To transition to this new system, Phillips outlined a series of steps, described in detail in a new whitepaper produced by his team at the Commission. First, the state would develop standardized universal access to current electricity prices. It would then introduce dynamic prices based on real-time wholesale energy costs on an opt-in basis. Consumers could also opt into a system that allowed them to pay modified prices based on real-time, localized grid conditions (as in the dLMPs discussed by the researchers). The state would then be able to transition to a bi-directional price. Finally, consumers could enroll in a subscription rate based on average load shapes and energy quantities or even lock in prices in advance.

Phillips acknowledged the PUC continues to confront some barriers, including existing technology limitations. He and his colleagues are also concerned about whether the pricing scheme is too dynamic and are not yet certain how to address any potential revenue shortfalls. However, the PUC will introduce consumer protection measures and engage in a robust marketing campaign to evaluate how its pilots are working and determine what kind of tariffs it could introduce in the future.

A call for stakeholder engagement

Overhauls to market design will unleash a series of major changes for both operators and ratepayers. Both Dr. Ünel and I argued that researchers should work with different stakeholders to better understand their concerns, especially as they relate to energy justice and energy burdens.

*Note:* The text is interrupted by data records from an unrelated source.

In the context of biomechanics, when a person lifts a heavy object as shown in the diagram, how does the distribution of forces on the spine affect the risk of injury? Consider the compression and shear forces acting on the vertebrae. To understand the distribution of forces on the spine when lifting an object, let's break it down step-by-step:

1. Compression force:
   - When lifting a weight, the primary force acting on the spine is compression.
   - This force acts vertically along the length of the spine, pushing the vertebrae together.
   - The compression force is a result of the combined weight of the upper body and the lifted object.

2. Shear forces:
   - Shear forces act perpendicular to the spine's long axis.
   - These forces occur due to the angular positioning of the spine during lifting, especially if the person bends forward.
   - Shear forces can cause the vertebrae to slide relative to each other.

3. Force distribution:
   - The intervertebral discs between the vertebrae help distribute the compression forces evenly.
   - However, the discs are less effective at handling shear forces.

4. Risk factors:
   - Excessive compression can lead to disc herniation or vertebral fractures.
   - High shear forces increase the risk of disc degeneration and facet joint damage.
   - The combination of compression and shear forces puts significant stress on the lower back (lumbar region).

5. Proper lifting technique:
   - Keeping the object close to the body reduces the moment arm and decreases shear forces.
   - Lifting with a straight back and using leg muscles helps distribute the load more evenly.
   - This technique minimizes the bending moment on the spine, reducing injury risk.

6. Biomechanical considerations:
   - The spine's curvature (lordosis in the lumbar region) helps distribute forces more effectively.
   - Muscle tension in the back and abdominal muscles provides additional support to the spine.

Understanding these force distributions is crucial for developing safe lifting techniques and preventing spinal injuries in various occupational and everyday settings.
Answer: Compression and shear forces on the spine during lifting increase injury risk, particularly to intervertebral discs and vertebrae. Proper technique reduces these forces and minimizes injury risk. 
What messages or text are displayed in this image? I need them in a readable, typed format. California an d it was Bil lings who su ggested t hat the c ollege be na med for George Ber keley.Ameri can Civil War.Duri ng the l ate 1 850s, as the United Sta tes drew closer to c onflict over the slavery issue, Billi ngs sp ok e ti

Starting with incremental changes—like time-of-use rates prior to implementing real time prices—can allow people to gradually become more price responsive. Then, utilities could increase rate complexity while incorporating additional innovations like automated technologies, allowing households to be even more price responsive. But it’s important that households and stakeholders understand the benefits of moving towards more cost-reflective pricing to reduce system costs, improve environmental benefits, and reduce household electric bills. With a shared vision of how we can improve outcomes, and a clear understanding of the process needed to achieve that future (including consumer protections), these proposed tariff changes have a greater chance of becoming our new reality.